Johnson v. Ho et al
ORDER Denying 19 Plaintiff's Request for Subpoena, signed by Magistrate Judge Dennis L. Beck on 5/19/14. (Verduzco, M)
UNITED STATES DISTRICT COURT
EASTERN DISTRICT OF CALIFORNIA
MOLINA, et al.,
Case No. 1:13-cv-00647 LJO DLB PC
ORDER DENYING PLAINTIFF’S
REQUEST FOR SUBPOENA
Plaintiff Vincent Johnson (“Plaintiff”), a state prisoner proceeding pro se and in forma
pauperis, filed this civil rights action on May 3, 2013. The action is currently in discovery.

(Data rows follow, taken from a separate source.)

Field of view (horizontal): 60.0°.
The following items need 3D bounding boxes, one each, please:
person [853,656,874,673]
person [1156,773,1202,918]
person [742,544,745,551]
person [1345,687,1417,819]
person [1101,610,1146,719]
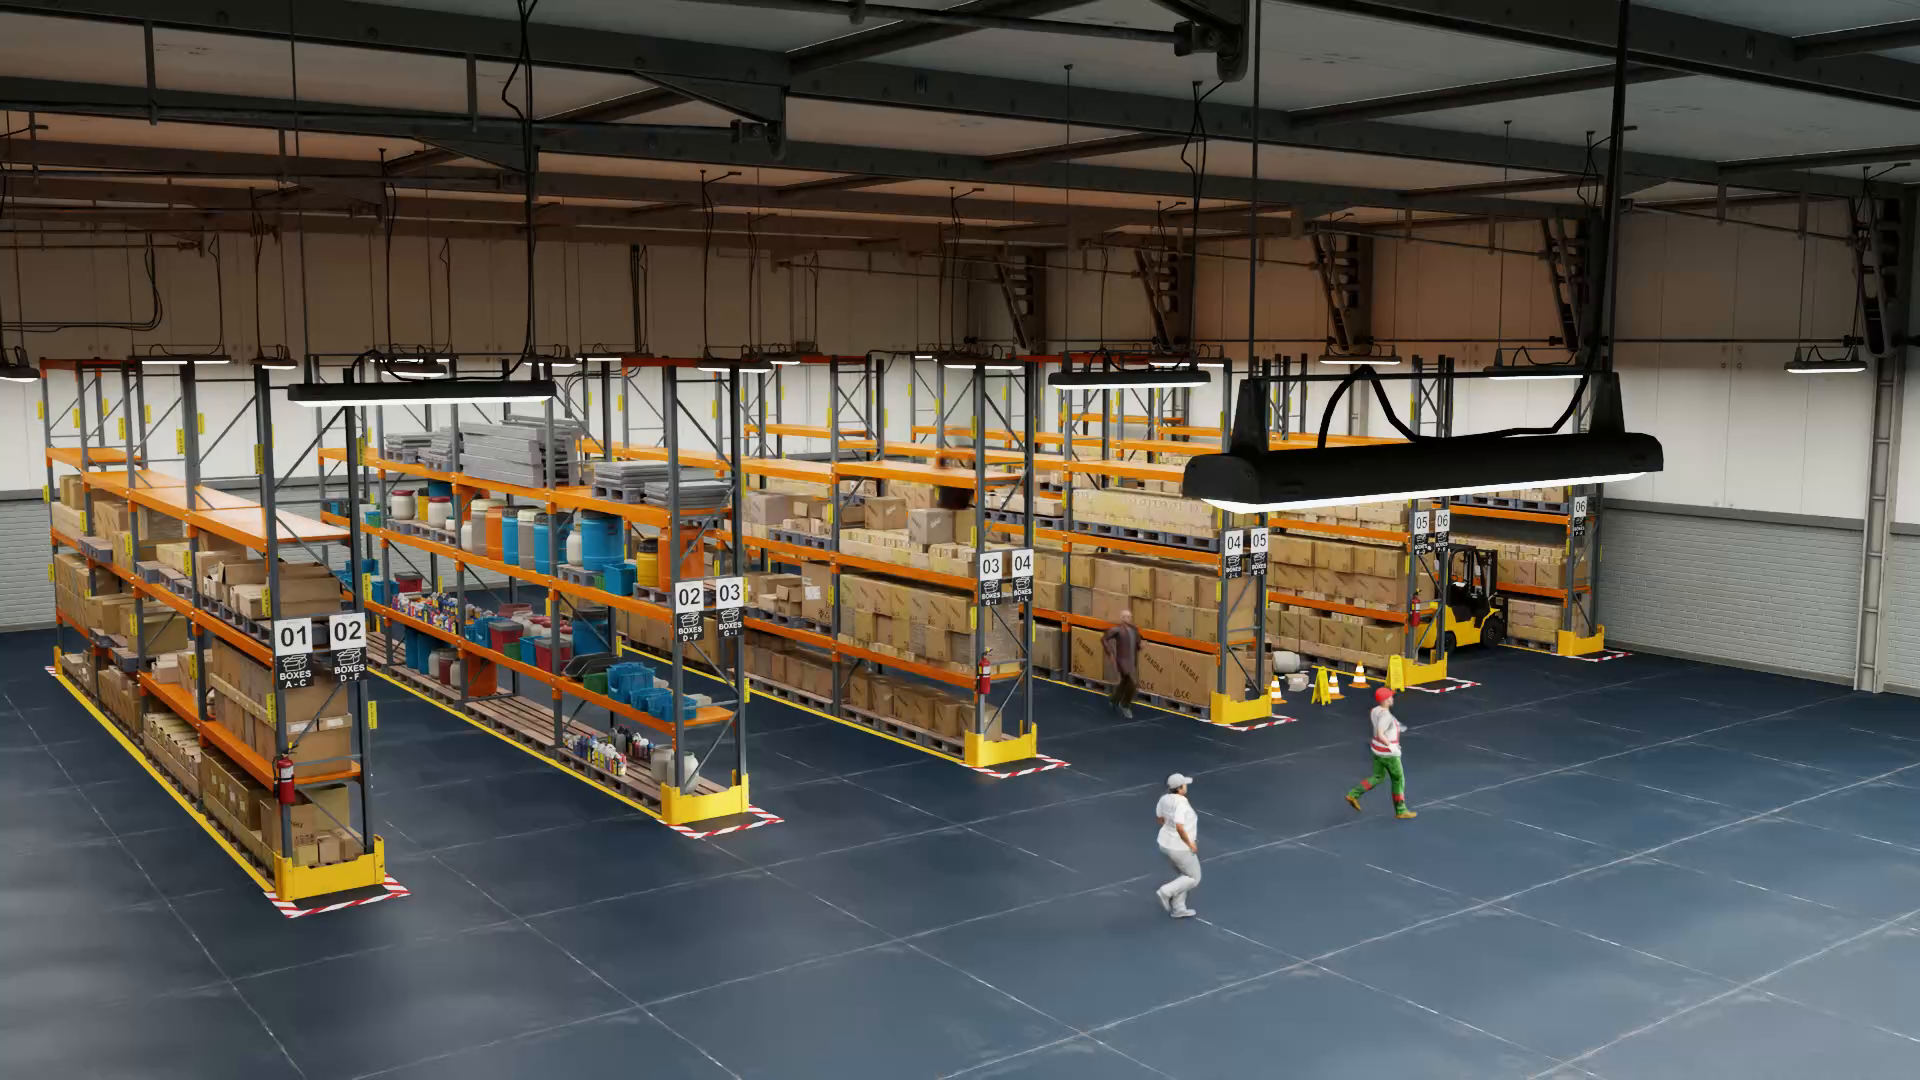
[{"bbox_3d":[-1.783,1.768,31.647,0.556,1.552,0.549,6,9,42],"label":"person"},{"bbox_3d":[2.351,3.352,18.188,0.566,1.620,0.622,-3,8,-25],"label":"person"},{"bbox_3d":[-5.440,0.528,41.646,0.591,1.648,0.775,6,9,41],"label":"person"},{"bbox_3d":[5.590,2.811,21.945,0.967,1.768,0.667,-1,7,-9],"label":"person"},{"bbox_3d":[2.803,2.094,28.057,0.809,1.834,0.670,6,9,43],"label":"person"}]

On May 9, 2014, Plaintiff filed a request for the issuance of a subpoena duces tecum
directing the California Institution for Men and Pleasant Valley State Prison to produce custody
records, medical records, booking records, housing records and transfer records. Plaintiff also
requests incident reports, personal alarm recordings, transmitted messages from correctional officers
and CDCR inmate tracking slips for inmates housed at Pleasant Valley from July 2012 to the
As an initial matter, Plaintiff states that he needs these records to comply with the Court’s
initial disclosure requirement. However, Plaintiff need not conduct discovery to obtain documents
for disclosure. Plaintiff is only required to produce relevant documents in his possession. Property
is deemed within a party’s possession, custody or control if the party has actual possession, custody
or control thereof, or the legal right to obtain the property on demand. Allen v. Woodford, 2007 WL
309945, *2 (E.D. Cal. 2007).
Second, Plaintiff would not be entitled to a subpoena at this time. Subject to certain
requirements, Plaintiff is entitled to the issuance of a subpoena commanding the production of
documents, electronically stored information, and/or tangible things from a nonparty, Fed. R. Civ. P.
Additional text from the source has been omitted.